Throughout the New Testament, the most common name used by the apostles and teachers in the early church is simply “Lord.” It places His absolute rights and authority at the front of the conversation. In most other cases, the name “Jesus” is used in pairing with “Lord” or “Christ.” Sometimes, all three are used (1 Cor. 1:7-9). Scripture provides the patterns, so we should follow them.

At the same time, if you read older translations (notably the KJV), and compare to the full range of manuscripts available today (if you can read them) or other newer, accurate translations, something else appears: there may be more combinations of the three titles in some translations than actually exist in the best source texts! Scribes and translators were not immune to accidentally or intentionally multiplying the Lord’s titles. But each title has its own meaning, and different passages use different combinations of the titles to emphasize different things.3 If we get carried away in stacking titles, we can lose the meanings that God’s Spirit wants us to see.

I hope that helps answer your question! The team at Patterns of Truth would like to hear your further thoughts and concerns about this topic. Please engage the PT team in the comments section below.


1.  Jehovah is a modified form of YHWH, the so-called “tetragrammaton” name of God in the Old Testament, thought to be pronounced “Yahweh.” (Ancient Hebrew didn’t use a Latin letter set, of course, so these are phonetic equivalents used by scholars.) To avoid mis-pronouncing Yahweh’s name and risk judgment for blasphemy, a common practice by Jews during and after the Babylonian captivity was to insert the vowel sounds for the Hebrew adonai (“Lord” or “master”) into the four consonants of YHWH and the result is approximately “YaHoWaiH” or, in modern English, “Jehovah.” 
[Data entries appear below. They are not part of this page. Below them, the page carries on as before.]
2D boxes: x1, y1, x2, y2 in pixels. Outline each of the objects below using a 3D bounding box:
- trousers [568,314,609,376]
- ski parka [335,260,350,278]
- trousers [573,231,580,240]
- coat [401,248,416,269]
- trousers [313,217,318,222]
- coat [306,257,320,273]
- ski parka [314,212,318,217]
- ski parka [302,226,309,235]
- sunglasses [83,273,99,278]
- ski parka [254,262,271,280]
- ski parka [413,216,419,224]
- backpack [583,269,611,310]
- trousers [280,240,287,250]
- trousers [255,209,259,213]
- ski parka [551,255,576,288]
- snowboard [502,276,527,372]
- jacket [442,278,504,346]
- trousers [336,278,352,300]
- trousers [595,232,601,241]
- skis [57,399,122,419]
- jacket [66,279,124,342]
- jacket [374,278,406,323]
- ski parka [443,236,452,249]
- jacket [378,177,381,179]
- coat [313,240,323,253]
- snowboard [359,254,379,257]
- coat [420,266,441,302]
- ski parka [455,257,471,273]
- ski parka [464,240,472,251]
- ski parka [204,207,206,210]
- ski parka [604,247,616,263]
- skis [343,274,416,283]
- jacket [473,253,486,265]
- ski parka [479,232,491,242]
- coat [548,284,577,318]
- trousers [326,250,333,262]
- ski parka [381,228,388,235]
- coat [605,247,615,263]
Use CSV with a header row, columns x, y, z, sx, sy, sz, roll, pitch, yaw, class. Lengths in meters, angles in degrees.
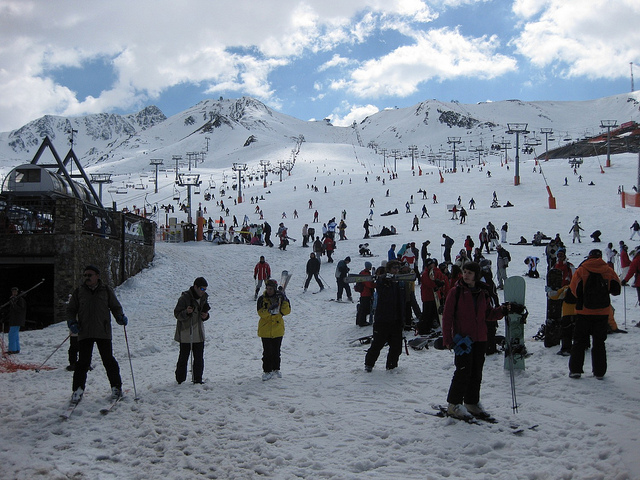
x,y,z,sx,sy,sz,roll,pitch,yaw,class
5.519,1.999,12.153,0.695,1.694,0.500,2,14,17,trousers
0.735,1.042,21.383,0.508,0.624,0.494,-4,6,-10,ski parka
12.646,-0.212,29.278,0.394,0.500,0.173,-2,-4,6,trousers
3.072,0.653,20.706,0.556,0.884,0.285,2,-12,-3,coat
-0.378,-1.610,46.218,0.416,0.570,0.176,1,-13,13,trousers
-0.291,1.054,23.957,0.737,0.893,0.471,0,-3,1,coat
-0.306,-1.992,45.514,0.270,0.425,0.242,0,-1,-11,ski parka
-0.874,-0.539,35.121,0.321,0.580,0.497,-2,3,-5,ski parka
-4.592,0.703,11.830,0.221,0.094,0.092,-3,8,-9,sunglasses
-2.281,1.242,23.192,0.787,0.824,0.353,-3,-18,7,ski parka
5.710,-1.222,35.588,0.285,0.122,0.401,-8,24,-1,ski parka
5.567,1.009,11.974,0.482,0.762,0.319,1,8,20,backpack
-2.093,0.260,33.430,0.352,0.544,0.347,-5,8,-19,trousers
-5.927,-2.697,55.361,0.305,0.325,0.082,-2,-23,-1,trousers
5.857,0.777,14.366,0.253,0.645,0.526,30,-25,-15,ski parka
4.248,1.910,13.040,0.265,1.998,0.461,1,-7,-5,snowboard
2.666,1.475,11.420,1.243,1.473,1.115,5,-13,-26,jacket
0.857,1.777,21.786,0.486,0.948,1.012,-1,8,4,trousers
10.273,-0.126,21.931,0.080,0.372,0.257,17,17,-4,trousers
-4.585,3.384,11.734,0.170,0.127,1.617,4,-3,23,skis
-4.410,1.433,11.820,0.836,1.114,0.546,-5,8,-18,jacket
1.519,1.352,13.163,0.876,1.197,0.621,5,-10,-24,jacket
5.699,0.137,26.536,0.251,0.461,0.572,-1,8,10,ski parka
7.591,-8.072,76.559,0.461,0.201,0.636,-1,2,-20,jacket
-0.135,0.333,28.883,0.402,0.646,0.536,-2,8,1,coat
2.447,0.813,29.685,0.942,0.099,0.477,-1,8,8,snowboard
2.971,1.207,15.909,0.572,1.017,0.811,-8,6,-3,coat
3.399,0.600,14.207,0.193,0.282,0.611,-2,-14,-2,ski parka
6.442,0.240,25.889,0.442,0.282,0.353,22,9,-7,ski parka
-12.089,-3.238,61.896,0.196,0.375,0.203,0,8,6,ski parka
10.830,0.572,22.142,0.322,0.470,0.472,-21,17,-6,ski parka
1.367,0.876,13.500,1.559,0.276,0.248,-3,19,13,skis
4.917,0.592,18.433,0.165,0.150,0.485,-17,15,7,jacket
7.953,-0.134,28.322,0.606,0.649,0.387,-3,-1,-7,ski parka
5.290,1.323,13.125,0.540,0.831,0.492,-3,7,12,coat
0.457,0.798,29.833,0.315,0.606,0.528,-2,8,-2,trousers
3.887,-0.530,36.035,0.390,0.348,0.403,-2,8,0,ski parka
10.806,0.574,22.072,0.273,0.505,0.501,-9,10,-4,coat

2.  Palmer, Brian. “Was Jesus a common name back when he was alive?” Slate, December 24, 2008, with supporting credit given to Joseph P. Amar of the University of Notre Dame and Paul V.M. Flesher of the University of Wyoming. Accessed online: https://slate.com/news-and-politics/2008/12/was-jesus-a-common-name-back-when-he-was-alive.html, April 23, 2022.
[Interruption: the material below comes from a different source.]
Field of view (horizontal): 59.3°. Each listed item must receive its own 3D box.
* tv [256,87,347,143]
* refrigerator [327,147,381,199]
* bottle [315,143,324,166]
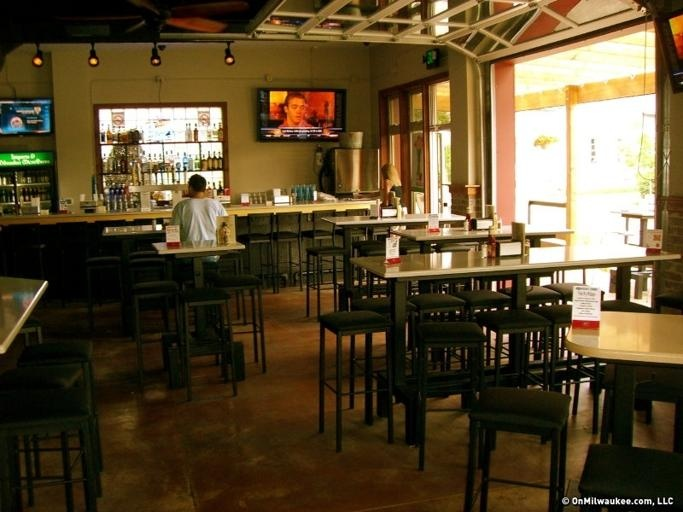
[{"bbox_3d":[-0.879,-2.827,11.822,1.450,0.697,0.177,0,9,-7],"label":"tv"},{"bbox_3d":[0.119,-1.650,11.970,1.144,0.933,1.041,0,4,-8],"label":"refrigerator"},{"bbox_3d":[-0.456,-2.060,12.147,0.169,0.406,0.094,-1,8,-6],"label":"bottle"}]

3.  Example: In the original Greek New Testament, sometimes there is a reference to “Christ” and sometimes a reference to “the Christ.” Darby’s translation (DBY) preserves both types. Other translations may omit “the” as superfluous (for two instances, compare 1 Cor. 11:1 and 12:12 in DBY and ESV). Commentators have various ideas on what “the Christ” means, and one suggestion is that it refers to Christ in heaven together with His body of believers on earth, while “Christ” refers to Him personally. Another example: some commentators propose that when we read “Jesus Christ,” it emphasizes His time and ministry as the Man on earth, while “Christ Jesus” reminds us that He is now the Man in glory, seated at the Father’s right hand. These are just two examples where small differences can enhance the interpretation.